-- EXERCISE INPUT follows --
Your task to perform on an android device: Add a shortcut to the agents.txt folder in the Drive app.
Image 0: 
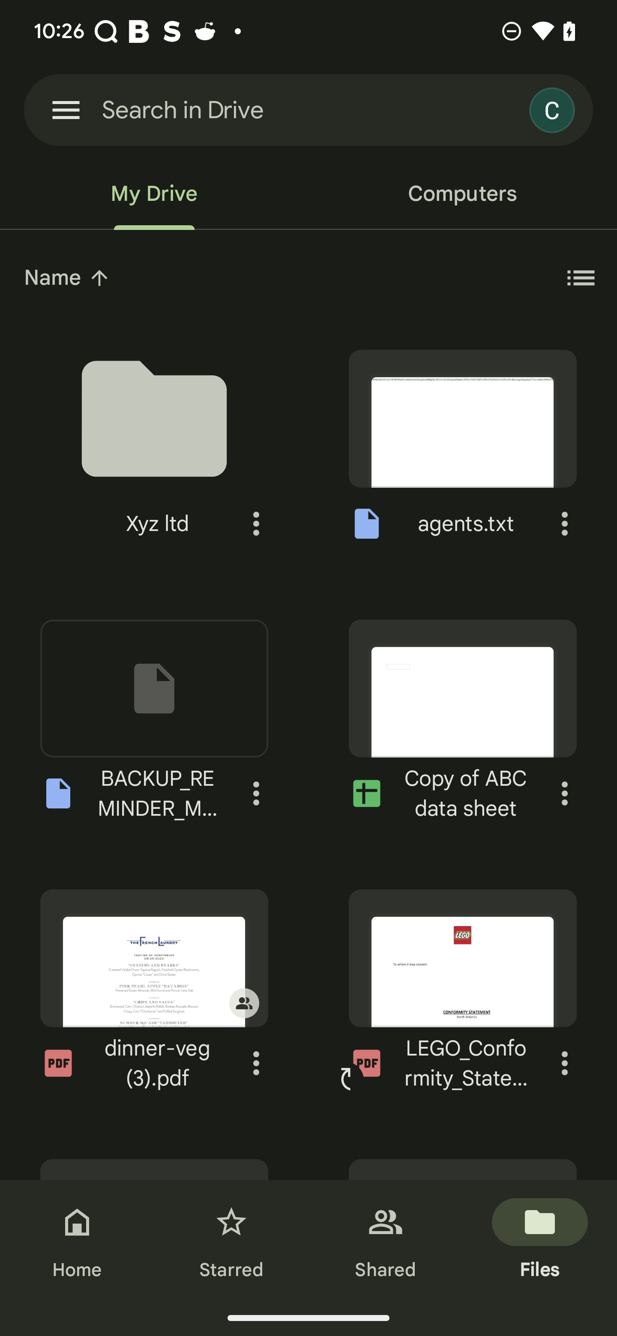
Click on the more option on the agent.txt file
Step 0: click (565, 524)
Image 2: 
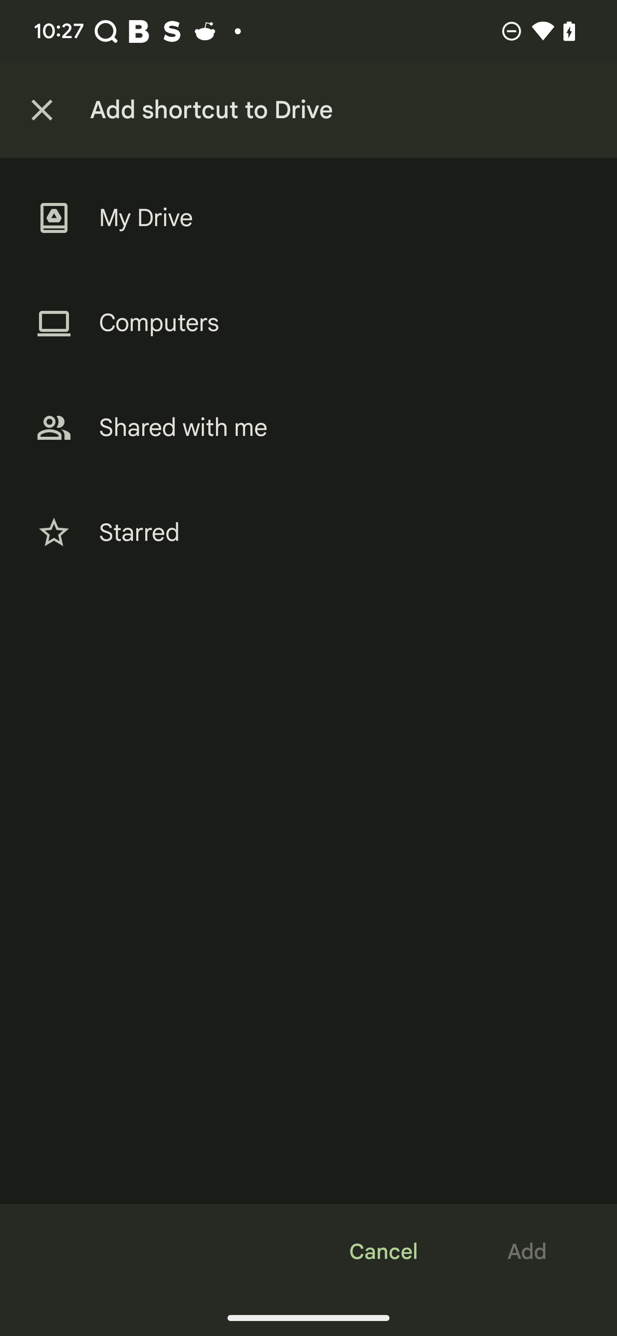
-- EXERCISE INPUT concluded --
### TASK DESCRIPTION
In the data above, find the line containing "Click on the", then output it and every later line exactly, without the pictures.

### TASK ANSWER
Click on the more option on the agent.txt file
Step 0: click (565, 524)
Image 2: 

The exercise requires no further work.